Снова и снова - уже со злостью - он перебирал в памяти всех своих
знакомых, но каждый раз убеждался, что единственный человек, который,
по-видимому, охотно общается с ним, это Валя. Он подумывал о том, чтобы
пригласить ее куда-нибудь, но одно дело случайно встретиться с ней в
гостях или у институтского подъезда и совсем другое - оказывать ей особое
внимание и самому искать встреч. Он боялся, что она примет его приглашение
только из жалости к его одиночеству, и гордость его возмущалась при
мучительной мысли о том, что, если он ее пригласит, она, прежде чем дать
ответ, хладнокровно посоветуется с десятком людей, из ее группы, со своим
непосредственным начальником, с начальником своего начальника, и в конце
концов простой дружеский обед и, быть может, посещение кино превратятся в
полуофициальное мероприятие. А самое главное, если Гончаров не хочет
встречаться с ним по какой-то другой причине, кроме той, на которую он
ссылается, то та же самая причина может повлиять и на Валю, а он не желает
обременять каждого москвича неизвестно откуда взявшимся больным другом,
который может служить отличным предлогом, чтобы отказаться от приглашения.
И все-таки, случайно услышав, что одна из молодых сотрудниц по телефону
приглашает Валю пойти с ней в театр, так как ее спутник сегодня идти не
может, Ник тут же, как ему казалось, забыл об этом, но после работы
почему-то поехал домой на такси, а потом, все еще не отдавая себе отчета,
зачем он это делает, позвонил в бюро обслуживания, справился о письмах, и,
когда ему ответили, что из Вены ничего нет, заказал билет на тот же
спектакль. И только в театре, сидя на неудобном месте, откуда почти не
было видно ни сцены, ни публики внизу, Ник понял, что опять он действует
не по своей воле, а находится в плену у одиночества, которое и толкает его
на всякие поступки, и, когда занавес стал медленно раздвигаться, он сказал
себе устало, но убежденно и без тени жалости: "Дурак несчастный!". Но он
так оцепенел от тоски и злости, что ему было все равно.

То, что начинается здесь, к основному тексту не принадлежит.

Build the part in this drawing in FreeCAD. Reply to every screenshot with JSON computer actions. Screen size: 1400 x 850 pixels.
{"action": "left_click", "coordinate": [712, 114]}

Во многих театрах Москвы сохранился европейский обычай прогуливаться во
время антрактов. Публика устремляется в просторное высокое фойе с яркими
люстрами и без всякой мебели и бесконечным потоком, произвольно образуя
нестройную колонну, хоть и не в ногу, но величаво прохаживается по кругу в
пределах невидимой границы, так что тот, кому вздумается выйти из рядов на
середину, чувствует на себе сотни взглядов. Здесь не курят, разговаривают
вполголоса, и каждый на виду у всех. Это - парад благопристойности по
сравнению с тем, как держатся американские зрители, которые непринужденно
болтают, разбившись на маленькие группки, словно после сорока минут
пережитых сообща эмоций им необходимо вновь ощутить свою индивидуальность
и побыть в относительном уединении, прежде чем вернуться в зрительный зал.

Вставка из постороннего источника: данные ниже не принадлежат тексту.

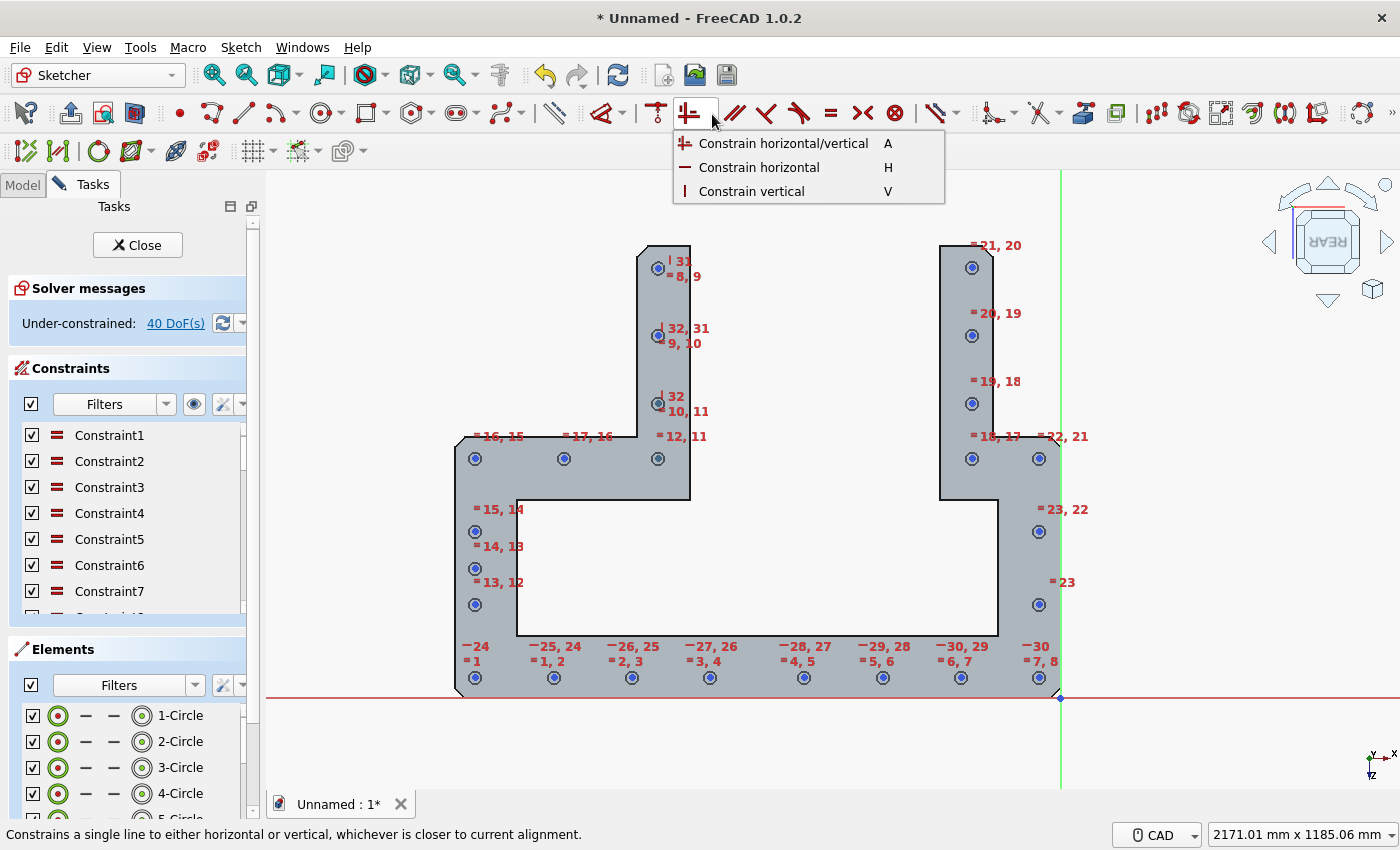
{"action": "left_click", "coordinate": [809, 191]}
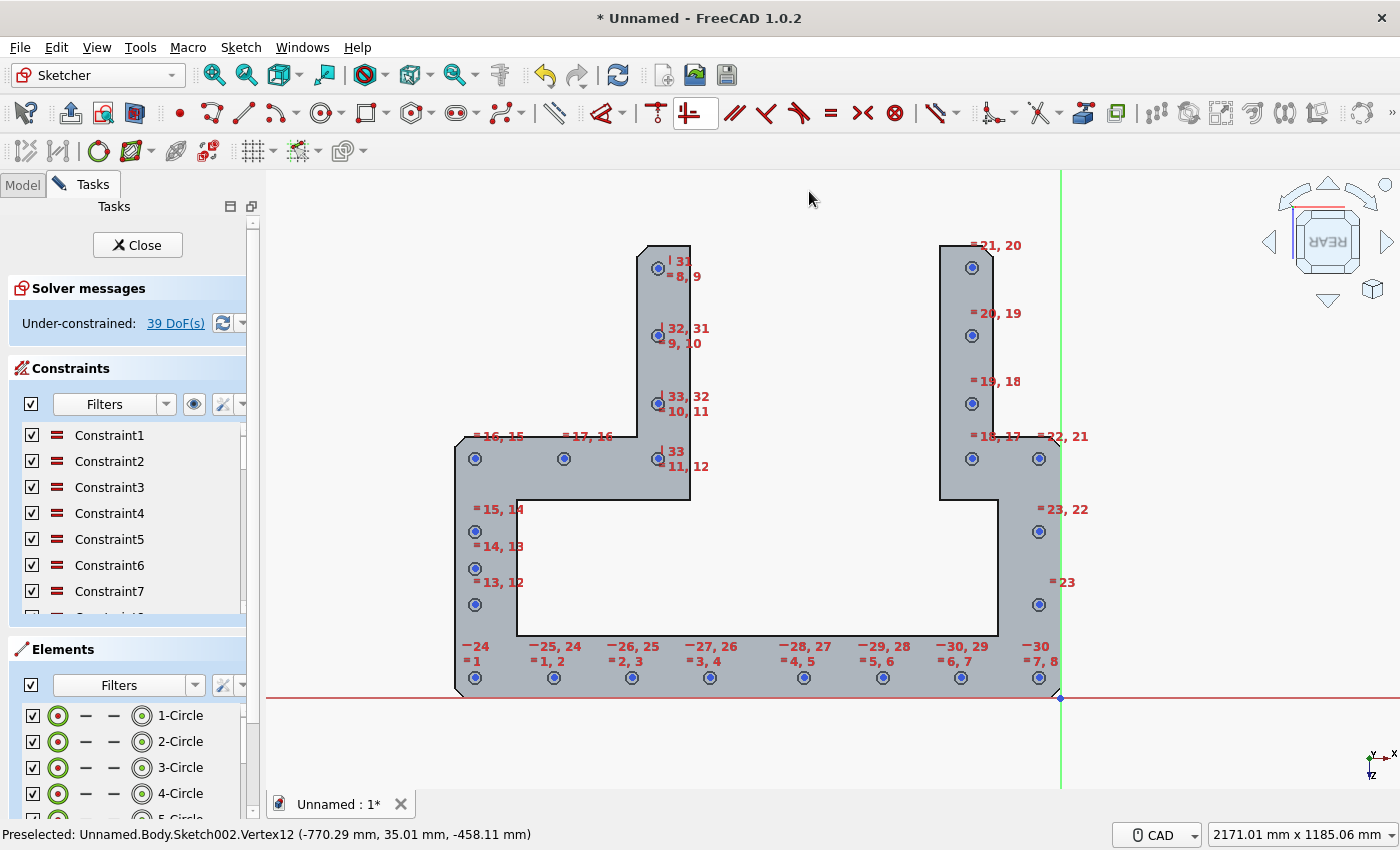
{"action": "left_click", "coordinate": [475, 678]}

В первом же антракте Ник увидел Валю в длинной веренице зрителей. Он
стал у стены, ожидая, пока она и ее подруга обойдет фойе и приблизятся к
нему. Заметив его, Валя поздоровалась, и лицо ее осветилось
радостно-удивленной улыбкой. Она невольно повернула голову, чтобы
посмотреть, один ли он, и прошла дальше, словно слегка досадуя, что он не
подошел к ней. Сделав еще круг и снова поравнявшись с Ником, Валя
протянула руку: "Пойдемте с нами" - как бы говорил этот обезоруживающе
искренний жест. В первый раз, с тех пор как уехала Анни, ему предложили
разделить компанию, и в нем вспыхнуло благодарное чувство. Он пошел с ними
рядом.
Подруга Вали, с которой ему доводилось раз или два разговаривать в
институте, была немножко смущена любопытными взглядами окружающих, но,
видимо, довольна. Это была некрасивая, хотя и хорошо сложенная девушка,
светлая завитая челка, к сожалению, закрывала прекрасные линии ее лба. Она
покраснела и первые минуты, очевидно, чувствовала себя неуверенно - то
становилась чересчур сосредоточенной, то начинала беспричинно смеяться. Но
застенчивость ее исчезла, как только зашел серьезный, хоть и несколько
бессвязный разговор о пьесе. Девушка не желала говорить по-английски,
стесняясь своего произношения, но понимала язык, по-видимому, не хуже, чем
Валя, и все трое кое-как объяснялись то по-русски, то по-английски. Обе
девушки уже видели пьесу в другом театре, и мнения их расходились. Валина
подруга утверждала, что пьеса слишком сентиментальна, и Валя сказала, что
если вникнуть в замысел автора, то все это даже трогательно; а что думает
доктор Реннет?
- Я очень редко бываю в театре, - ответил он.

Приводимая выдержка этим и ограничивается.